Abstract
Introduction:
Resecting large pedunculated bladder tumors can be challenging and time consuming, especially if the tumor is located on the dome or anterior wall. We present our step-by-step process of transurethral resection of bladder tumor using an endoscopic snare (TURBTS).
Methods:
We use a 22.5F rigid cystoscope with a 30°/70° lens. The endoscopic snare we use is either a medium oval (27 mm) flexible or a large oval (30 mm) flexible polypectomy snare. Given monopolar electro cautery is used for the procedure, the patient has to be grounded. We use 10 W of pure cut energy to transect the stalk of the tumor and 30 W of energy for coagulation after removal of the tumor. Our criteria for performing a TURBTS was a papillary pedunculated tumor, tumors that appear low grade appearing in nature, patients with a negative urine cytology, and tumor size <8 cm. We typically perform a biopsy of the tumor base using a biopsy forceps or a resectoscope to ensure a thorough resection.
Results:
After institution review board approval, 49 consecutive patients underwent a TURBTS between 2008 and 2016. There were 20 female and 29 male patients.
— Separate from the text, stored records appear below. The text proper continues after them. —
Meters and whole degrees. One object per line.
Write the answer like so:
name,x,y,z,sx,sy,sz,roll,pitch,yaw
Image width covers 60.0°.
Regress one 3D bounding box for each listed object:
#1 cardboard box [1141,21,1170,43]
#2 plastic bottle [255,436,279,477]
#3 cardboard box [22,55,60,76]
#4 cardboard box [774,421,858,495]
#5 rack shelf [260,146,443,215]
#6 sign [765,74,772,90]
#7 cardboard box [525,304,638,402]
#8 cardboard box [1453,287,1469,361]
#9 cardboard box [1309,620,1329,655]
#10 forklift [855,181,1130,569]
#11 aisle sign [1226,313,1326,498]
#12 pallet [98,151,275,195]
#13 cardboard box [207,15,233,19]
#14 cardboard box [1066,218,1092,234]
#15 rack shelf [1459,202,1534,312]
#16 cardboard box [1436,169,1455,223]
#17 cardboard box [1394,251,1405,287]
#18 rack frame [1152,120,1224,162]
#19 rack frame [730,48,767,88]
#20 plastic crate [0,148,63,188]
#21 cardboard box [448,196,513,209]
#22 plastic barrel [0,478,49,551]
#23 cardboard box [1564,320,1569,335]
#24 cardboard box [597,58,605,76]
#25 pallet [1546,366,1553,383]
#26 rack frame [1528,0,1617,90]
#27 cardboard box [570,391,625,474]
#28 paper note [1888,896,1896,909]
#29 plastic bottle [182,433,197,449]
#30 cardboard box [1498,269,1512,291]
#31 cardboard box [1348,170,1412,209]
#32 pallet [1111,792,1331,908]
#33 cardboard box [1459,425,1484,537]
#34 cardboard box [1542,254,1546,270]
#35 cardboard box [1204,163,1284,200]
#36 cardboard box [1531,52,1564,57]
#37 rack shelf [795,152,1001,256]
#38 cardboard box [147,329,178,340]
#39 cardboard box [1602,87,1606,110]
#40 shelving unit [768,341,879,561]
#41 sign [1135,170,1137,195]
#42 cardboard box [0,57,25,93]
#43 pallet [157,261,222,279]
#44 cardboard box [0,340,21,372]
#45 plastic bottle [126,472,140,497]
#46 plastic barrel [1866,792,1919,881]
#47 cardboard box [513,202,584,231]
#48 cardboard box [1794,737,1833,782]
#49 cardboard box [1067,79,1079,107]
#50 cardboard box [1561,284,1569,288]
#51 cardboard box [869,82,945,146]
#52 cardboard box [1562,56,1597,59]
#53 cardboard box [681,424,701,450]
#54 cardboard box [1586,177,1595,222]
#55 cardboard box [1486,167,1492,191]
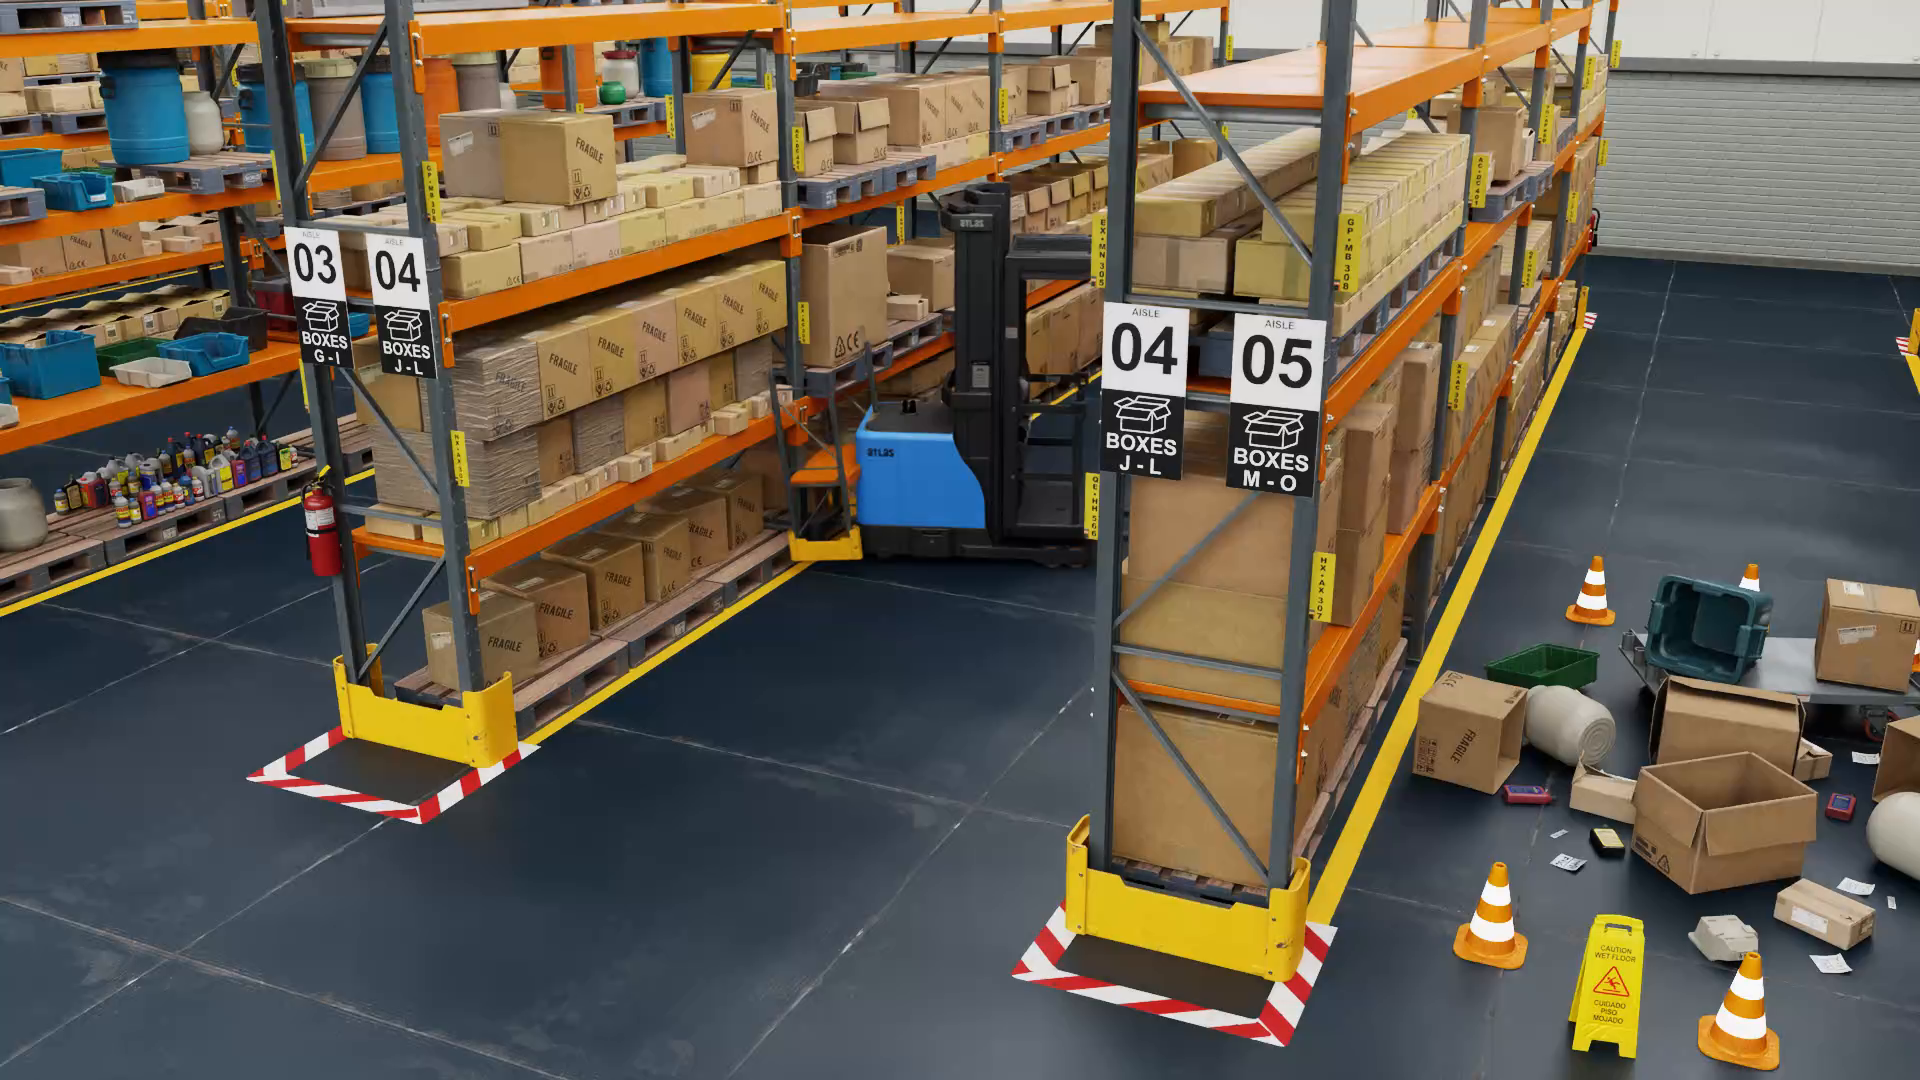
cardboard box,2.359,-6.466,21.153,0.500,0.250,0.500,8,21,21
plastic bottle,-6.238,-0.757,14.919,0.144,0.351,0.185,8,21,21
cardboard box,-13.084,-6.777,23.266,0.700,0.500,0.500,10,22,25
cardboard box,-1.235,-0.713,14.570,0.700,0.500,0.500,8,21,22
rack shelf,-5.419,-3.720,16.551,1.077,0.370,4.000,9,21,23
sign,-2.461,-5.822,21.372,0.100,0.325,0.005,9,21,23
cardboard box,-2.468,-1.226,10.855,0.500,0.500,0.500,9,21,23
cardboard box,3.379,-1.626,12.424,0.700,0.500,0.500,9,21,23
cardboard box,1.443,0.218,8.656,0.875,0.550,0.550,9,21,23
forklift,0.699,-1.339,13.360,3.031,2.935,1.130,2,20,5
aisle sign,1.371,-0.583,7.251,0.394,0.787,0.004,9,21,23
pallet,-6.444,-3.125,14.085,1.213,0.211,1.003,9,21,23
cardboard box,-11.452,-7.960,25.727,0.500,0.500,0.500,8,21,22
cardboard box,1.198,-3.356,18.780,0.500,0.500,0.500,8,21,22
rack shelf,3.584,-2.329,12.639,1.077,0.370,4.000,9,21,23
cardboard box,2.590,-2.031,9.731,0.500,0.250,0.500,8,21,22
cardboard box,2.076,-1.407,8.572,0.380,0.149,0.250,8,21,22
rack frame,3.195,-5.023,23.617,1.000,3.000,0.127,9,21,23
rack frame,-2.962,-7.307,21.085,1.000,3.000,0.127,9,21,23
plastic crate,-7.369,-2.842,13.031,0.392,0.384,0.575,9,21,23
cardboard box,-3.006,-2.091,10.524,0.380,0.149,0.250,9,21,23
plastic barrel,-7.471,-0.203,13.148,0.421,0.512,0.421,0,20,0
cardboard box,7.317,-2.652,20.577,0.380,0.149,0.250,8,21,20
cardboard box,-5.811,-7.533,26.422,0.500,0.250,0.500,9,21,23
pallet,6.283,-1.986,19.237,1.003,0.211,1.213,9,21,23
rack frame,7.679,-7.139,20.612,1.000,3.000,0.127,9,21,23
cardboard box,-2.767,-0.800,11.149,0.875,0.500,0.500,9,21,23
paper note,4.848,1.886,8.651,0.032,0.001,0.123,9,21,23
plastic bottle,-6.947,-0.804,15.050,0.144,0.351,0.185,9,22,24
cardboard box,4.770,-2.342,14.939,0.380,0.149,0.250,9,21,23
cardboard box,2.075,-1.783,8.439,0.380,0.149,0.250,8,21,22
pallet,1.383,1.638,9.048,1.003,0.211,1.213,9,21,23
cardboard box,3.716,-0.563,13.805,1.050,0.750,0.750,9,21,24
cardboard box,5.953,-2.941,17.509,0.380,0.149,0.250,9,21,23
cardboard box,1.476,-1.875,8.696,0.380,0.149,0.250,8,21,22
cardboard box,7.338,-6.010,20.798,0.380,0.149,0.250,8,21,22
rack shelf,-0.900,-3.041,14.640,1.077,0.370,4.000,9,21,23
cardboard box,-9.527,-2.335,19.535,0.500,0.250,0.500,9,22,24
cardboard box,7.734,-5.479,20.646,0.500,0.250,0.500,8,21,22
shelving unit,-1.015,-0.730,13.390,0.587,1.500,1.083,-1,20,15
sign,2.056,-4.237,19.797,0.100,0.325,0.005,9,21,23
cardboard box,-10.254,-4.970,17.468,0.500,0.500,0.500,11,22,28
pallet,-12.247,-4.280,25.687,1.003,0.211,1.213,9,21,23
cardboard box,-10.359,-1.974,17.683,0.500,0.311,0.500,9,21,23
plastic bottle,-7.146,-0.486,14.378,0.097,0.201,0.097,0,20,0
plastic barrel,5.149,1.602,8.832,0.421,0.421,0.512,-9,22,-24
cardboard box,-2.568,-2.022,10.331,0.380,0.149,0.250,8,21,23
cardboard box,5.030,1.247,10.065,0.258,0.266,0.396,-5,20,-15
cardboard box,1.026,-5.047,18.713,0.500,0.311,0.500,8,21,21
cardboard box,7.538,-3.181,21.178,0.380,0.149,0.250,9,21,24
cardboard box,-0.465,-3.786,14.766,0.500,0.500,0.500,9,21,24
cardboard box,7.516,-5.796,20.195,0.380,0.149,0.250,8,21,21
cardboard box,-2.096,-0.755,11.991,0.380,0.149,0.250,9,21,23
cardboard box,7.729,-4.327,21.065,0.500,0.500,0.500,9,21,24
cardboard box,3.576,-2.576,11.859,0.380,0.149,0.250,9,21,23

Median follow-up was 29 months (interquartile range [IQR] 9–43 months). Median age was 70 years (IQR 60–79). Median procedure time was 32 minutes (IQR 23.5–50.5). Median procedure time per tumor was 24 minutes (IQR 15–34.5). Median number of tumors treated per patient was 1 (IQR 1–2) and median tumor size was 3 cm (IQR 2–5 cm). Muscle was obtained in 71% (35/49) of patients. There were no immediate or long-term complications after TURBTS. Intravesical chemotherapy was administered in 84% (41/49) of patients. Tumor recurrence occurred in 34.7% (17/49) of patients.
Conclusion:
TURBTS of bladder tumor using an endoscopic snare is a safe and feasible procedure. TURBTS may be an additional armamentarium for a urologist to safely resect pedunculated tumors.